Rumo a uma tecnologia sonora mais expressiva

Apaixonado por tecnologia para música e arte, Caren prevê que esse modelo poderia ajudar artistas a comunicar melhor sons para sistemas computacionais e auxiliar cineastas e outros criadores de conteúdo a gerar sons de IA que sejam mais matizados para um contexto específico. Ele também poderia permitir que um músico buscasse rapidamente um banco de dados de som imitando um ruído que é difícil de descrever em, digamos, um prompt de texto.

Enquanto isso, Caren, Chandra e Ma estão analisando as implicações de seu modelo em outros domínios, incluindo o desenvolvimento da linguagem, como os bebês aprendem a falar e até mesmo comportamentos de imitação em pássaros como papagaios e pássaros canoros.

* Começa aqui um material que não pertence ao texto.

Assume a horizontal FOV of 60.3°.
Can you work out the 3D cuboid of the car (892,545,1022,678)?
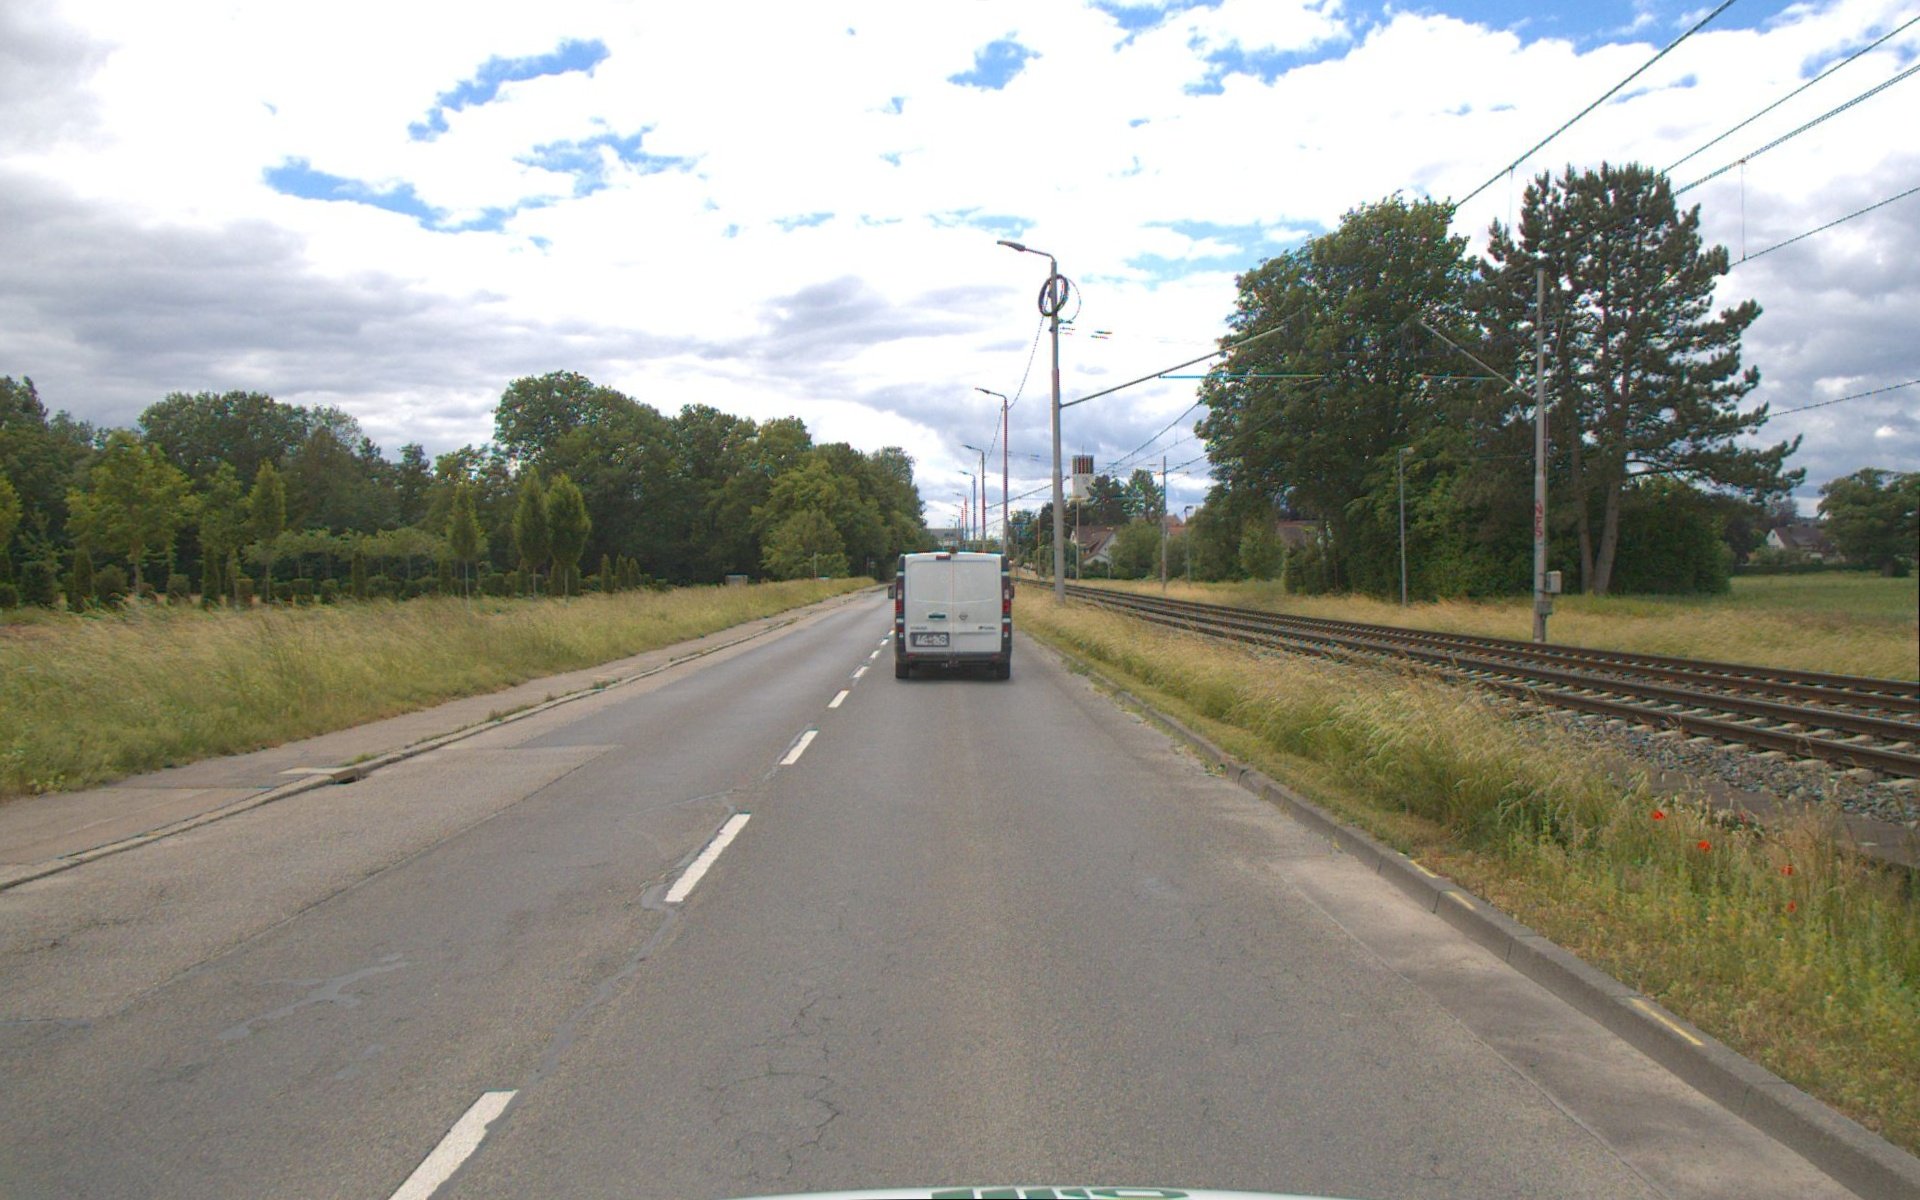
[{"bbox_3d":[-0.100,0.150,26.908,1.953,1.991,3.999,0,1,-2],"label":"car"}]

A equipe ainda tem trabalho a fazer com a iteração atual do seu modelo: Ele tem dificuldades com algumas consoantes, como “z”, o que levou a impressões imprecisas de alguns sons, como o zumbido de abelhas. Eles também ainda não conseguem replicar como os humanos imitam a fala, a música ou sons que são imitados de forma diferente em diferentes idiomas, como um batimento cardíaco.

O professor de linguística da Universidade de Stanford, Robert Hawkins, diz que a linguagem é cheia de onomatopeias e palavras que imitam, mas não replicam completamente as coisas que descrevem, como o som "miau" que se aproxima muito inexatamente do som que os gatos fazem. "Os processos que nos levam do som de um gato real a uma palavra como 'miau' revelam muito sobre a intrincada interação entre fisiologia, raciocínio social e comunicação na evolução da linguagem", diz Hawkins, que não estava envolvido na pesquisa do CSAIL. "Este modelo apresenta um passo emocionante em direção à formalização e teste de teorias desses processos, demonstrando que tanto as restrições físicas do trato vocal humano quanto as pressões sociais da comunicação são necessárias para explicar a distribuição de imitações vocais."

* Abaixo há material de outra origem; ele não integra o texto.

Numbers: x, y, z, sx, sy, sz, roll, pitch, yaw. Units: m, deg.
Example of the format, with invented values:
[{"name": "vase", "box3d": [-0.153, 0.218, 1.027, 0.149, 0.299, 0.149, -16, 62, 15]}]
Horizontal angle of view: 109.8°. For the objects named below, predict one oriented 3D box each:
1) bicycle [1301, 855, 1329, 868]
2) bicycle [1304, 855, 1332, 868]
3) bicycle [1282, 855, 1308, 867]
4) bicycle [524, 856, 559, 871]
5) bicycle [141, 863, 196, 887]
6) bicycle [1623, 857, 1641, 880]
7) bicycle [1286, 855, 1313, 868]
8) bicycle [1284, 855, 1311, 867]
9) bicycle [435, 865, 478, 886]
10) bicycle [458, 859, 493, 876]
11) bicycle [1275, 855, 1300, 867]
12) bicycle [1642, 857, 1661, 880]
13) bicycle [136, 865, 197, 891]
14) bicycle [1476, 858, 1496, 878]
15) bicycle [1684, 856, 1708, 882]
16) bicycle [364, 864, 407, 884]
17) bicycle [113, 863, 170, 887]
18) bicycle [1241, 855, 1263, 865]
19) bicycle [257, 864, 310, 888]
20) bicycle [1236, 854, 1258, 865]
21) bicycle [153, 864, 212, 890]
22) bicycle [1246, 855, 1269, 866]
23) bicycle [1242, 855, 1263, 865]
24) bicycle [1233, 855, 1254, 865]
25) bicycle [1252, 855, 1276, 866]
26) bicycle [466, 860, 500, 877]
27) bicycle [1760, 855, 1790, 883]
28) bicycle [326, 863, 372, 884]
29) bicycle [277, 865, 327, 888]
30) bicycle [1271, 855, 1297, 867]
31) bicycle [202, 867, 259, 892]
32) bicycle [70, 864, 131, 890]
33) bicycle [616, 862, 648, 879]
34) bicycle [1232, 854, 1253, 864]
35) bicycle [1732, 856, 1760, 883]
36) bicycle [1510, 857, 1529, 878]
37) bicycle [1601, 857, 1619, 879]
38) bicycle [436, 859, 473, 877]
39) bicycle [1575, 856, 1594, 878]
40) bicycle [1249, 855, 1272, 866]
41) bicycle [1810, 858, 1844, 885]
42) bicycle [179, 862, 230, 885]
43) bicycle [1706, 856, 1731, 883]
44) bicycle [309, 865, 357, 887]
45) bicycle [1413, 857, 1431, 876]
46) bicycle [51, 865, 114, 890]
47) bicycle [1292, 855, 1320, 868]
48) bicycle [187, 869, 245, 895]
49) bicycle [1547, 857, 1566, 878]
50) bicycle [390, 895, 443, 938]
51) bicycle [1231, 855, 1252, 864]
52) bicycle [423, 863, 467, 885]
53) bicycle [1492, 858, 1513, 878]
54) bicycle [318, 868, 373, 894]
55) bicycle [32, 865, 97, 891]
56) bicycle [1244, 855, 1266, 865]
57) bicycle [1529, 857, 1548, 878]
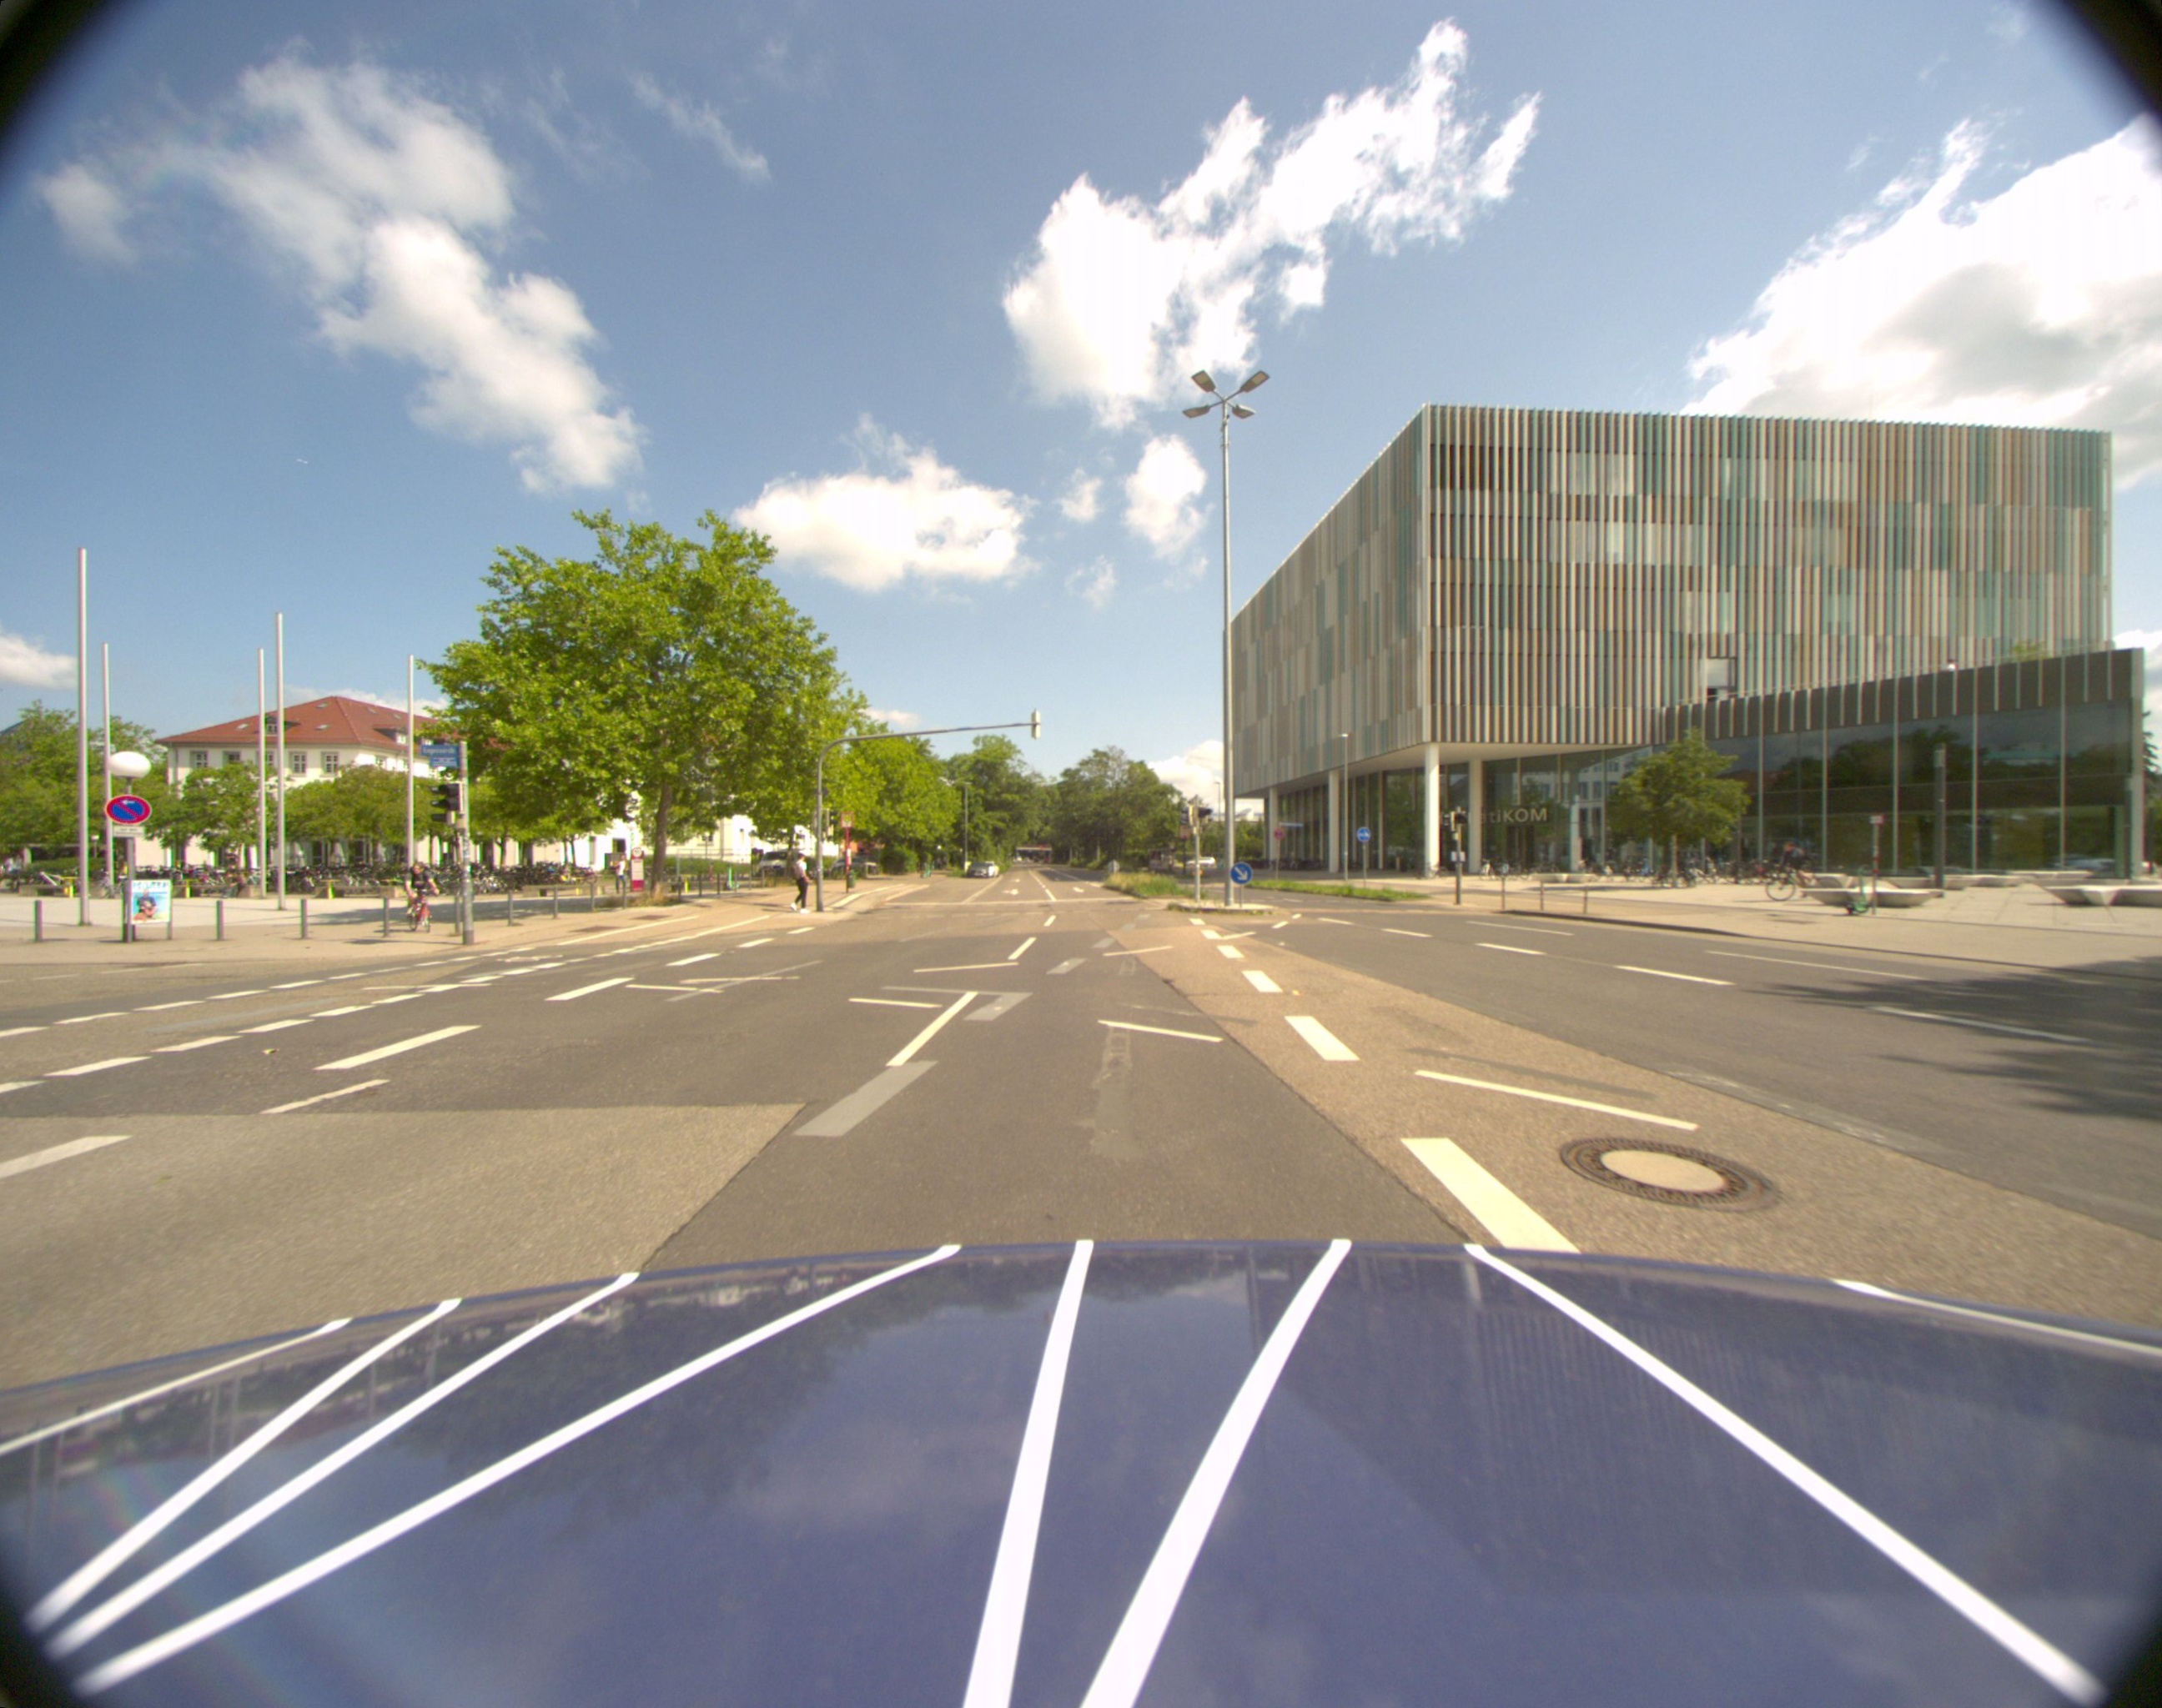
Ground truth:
[{"name": "bicycle", "box3d": [20.231, 0.675, 65.637, 2.218, 1.090, 0.755, 0, 0, -9]}, {"name": "bicycle", "box3d": [20.113, 0.646, 64.536, 2.218, 1.090, 0.722, 0, 0, -9]}, {"name": "bicycle", "box3d": [19.715, 0.618, 69.944, 2.218, 1.090, 0.722, 0, 0, -9]}, {"name": "bicycle", "box3d": [-33.378, 0.611, 47.020, 1.673, 0.916, 0.472, 0, 1, -9]}, {"name": "bicycle", "box3d": [-44.269, 1.010, 36.869, 1.673, 1.090, 0.626, 0, 1, -9]}, {"name": "bicycle", "box3d": [27.649, 0.708, 38.151, 0.720, 1.090, 2.223, 0, 0, 36]}, {"name": "bicycle", "box3d": [19.618, 0.662, 68.147, 2.218, 1.090, 0.735, 0, 0, -9]}, {"name": "bicycle", "box3d": [19.678, 0.649, 69.129, 2.218, 1.090, 0.722, 0, 0, -9]}, {"name": "bicycle", "box3d": [-33.126, 1.130, 40.341, 1.673, 1.090, 0.626, 0, 1, -9]}, {"name": "bicycle", "box3d": [-39.231, 0.887, 49.264, 1.673, 1.090, 0.626, 0, 1, -9]}, {"name": "bicycle", "box3d": [19.314, 0.609, 71.033, 2.218, 1.090, 0.722, 0, 0, -9]}, {"name": "bicycle", "box3d": [28.295, 0.690, 37.721, 0.720, 1.090, 2.223, 0, 0, 36]}, {"name": "bicycle", "box3d": [-39.674, 1.029, 32.980, 1.673, 1.090, 0.626, 0, 1, -9]}, {"name": "bicycle", "box3d": [22.914, 0.786, 42.992, 0.720, 1.090, 2.223, 0, 0, 36]}, {"name": "bicycle", "box3d": [29.108, 0.701, 35.985, 0.745, 1.183, 2.323, 0, 0, 36]}, {"name": "bicycle", "box3d": [-39.032, 1.107, 42.664, 1.673, 1.090, 0.626, 0, 1, -9]}, {"name": "bicycle", "box3d": [-44.153, 0.995, 35.718, 1.673, 1.090, 0.626, 0, 1, -9]}, {"name": "bicycle", "box3d": [18.337, 0.656, 81.525, 2.218, 1.090, 0.722, 0, 0, -9]}, {"name": "bicycle", "box3d": [-38.068, 1.031, 36.288, 1.673, 1.090, 0.626, 0, 1, -9]}, {"name": "bicycle", "box3d": [18.238, 0.608, 83.299, 2.218, 1.090, 0.722, 0, 0, -9]}, {"name": "bicycle", "box3d": [-39.818, 1.009, 33.687, 1.673, 1.090, 0.626, 0, 1, -9]}, {"name": "bicycle", "box3d": [18.580, 0.679, 79.969, 2.218, 1.090, 0.722, 0, 0, -9]}, {"name": "bicycle", "box3d": [18.638, 0.632, 82.582, 2.218, 1.090, 0.722, 0, 0, -9]}, {"name": "bicycle", "box3d": [18.085, 0.620, 84.543, 2.218, 1.090, 0.722, 0, 0, -9]}, {"name": "bicycle", "box3d": [18.677, 0.693, 77.481, 2.218, 1.090, 0.722, 0, 0, -9]}, {"name": "bicycle", "box3d": [-39.485, 0.931, 50.193, 1.673, 1.090, 0.626, 0, 1, -9]}, {"name": "bicycle", "box3d": [31.017, 0.661, 33.979, 0.745, 1.183, 2.323, 0, 0, 36]}, {"name": "bicycle", "box3d": [-38.216, 1.024, 39.698, 1.673, 1.090, 0.626, 0, 1, -9]}, {"name": "bicycle", "box3d": [-38.241, 1.088, 37.305, 1.673, 1.090, 0.626, 0, 1, -9]}, {"name": "bicycle", "box3d": [19.198, 0.628, 71.877, 2.218, 1.090, 0.722, 0, 0, -9]}, {"name": "bicycle", "box3d": [-38.049, 1.137, 34.015, 1.673, 1.090, 0.626, 0, 1, -9]}, {"name": "bicycle", "box3d": [-43.697, 1.025, 33.863, 1.673, 1.090, 0.626, 0, 1, -9]}, {"name": "bicycle", "box3d": [-29.519, 1.085, 49.943, 1.673, 1.090, 0.626, 0, 1, -9]}, {"name": "bicycle", "box3d": [18.449, 0.599, 86.633, 2.218, 1.090, 0.722, 0, 0, -9]}, {"name": "bicycle", "box3d": [30.178, 0.681, 34.517, 0.745, 1.183, 2.323, 0, 0, 36]}, {"name": "bicycle", "box3d": [24.266, 0.747, 42.025, 0.720, 1.090, 2.223, 0, 0, 36]}, {"name": "bicycle", "box3d": [26.892, 0.687, 38.621, 0.720, 1.090, 2.223, 0, 0, 36]}, {"name": "bicycle", "box3d": [-38.793, 0.872, 47.046, 1.673, 1.090, 0.626, 0, 1, -9]}, {"name": "bicycle", "box3d": [26.076, 0.678, 39.319, 0.720, 1.090, 2.223, 0, 0, 36]}, {"name": "bicycle", "box3d": [18.614, 0.687, 78.696, 2.218, 1.090, 0.722, 0, 0, -9]}, {"name": "bicycle", "box3d": [32.005, 0.745, 32.638, 0.720, 1.090, 2.223, 0, 0, 36]}, {"name": "bicycle", "box3d": [-44.708, 0.990, 38.780, 1.673, 1.090, 0.626, 0, 1, -9]}, {"name": "bicycle", "box3d": [29.664, 0.690, 35.365, 0.745, 1.183, 2.323, 0, 0, 36]}, {"name": "bicycle", "box3d": [-38.189, 1.132, 38.804, 1.673, 1.090, 0.626, 0, 1, -9]}, {"name": "bicycle", "box3d": [20.359, 0.736, 45.404, 0.547, 1.090, 1.635, 0, 0, 8]}, {"name": "bicycle", "box3d": [-43.616, 1.018, 33.193, 1.673, 1.090, 0.626, 0, 1, -9]}, {"name": "bicycle", "box3d": [19.685, 0.672, 66.432, 2.218, 1.090, 0.722, 0, 0, -9]}, {"name": "bicycle", "box3d": [-37.944, 1.211, 33.346, 1.673, 1.090, 0.626, 0, 1, -9]}, {"name": "bicycle", "box3d": [25.395, 0.717, 40.597, 0.720, 1.090, 2.223, 0, 0, 36]}, {"name": "bicycle", "box3d": [-14.839, 1.383, 16.962, 1.510, 0.828, 0.621, 0, 1, 39]}, {"name": "bicycle", "box3d": [17.998, 0.615, 85.315, 2.218, 1.090, 0.722, 0, 0, -9]}, {"name": "bicycle", "box3d": [-32.958, 1.030, 39.399, 1.673, 1.090, 0.626, 0, 1, -9]}, {"name": "bicycle", "box3d": [23.593, 0.770, 42.510, 0.720, 1.090, 2.223, 0, 0, 36]}, {"name": "bicycle", "box3d": [-32.339, 1.188, 33.440, 1.673, 1.090, 0.626, 0, 1, -9]}, {"name": "bicycle", "box3d": [-43.489, 1.017, 32.514, 1.673, 1.090, 0.626, 0, 1, -9]}, {"name": "bicycle", "box3d": [18.500, 0.663, 80.754, 2.218, 1.083, 0.722, 0, 0, -9]}, {"name": "bicycle", "box3d": [24.751, 0.736, 41.091, 0.720, 1.090, 2.223, 0, 0, 36]}]

Caren, Chandra e Ma escreveram o artigo com dois outros afiliados do CSAIL: Jonathan Ragan-Kelley, professor associado do Departamento de Engenharia Elétrica e Ciência da Computação do MIT, e Joshua Tenenbaum, professor do MIT Brain and Cognitive Sciences e membro do Center for Brains, Minds, and Machines. O trabalho deles foi apoiado, em parte, pela Hertz Foundation e pela National Science Foundation. Foi apresentado na SIGGRAPH Asia no início de dezembro.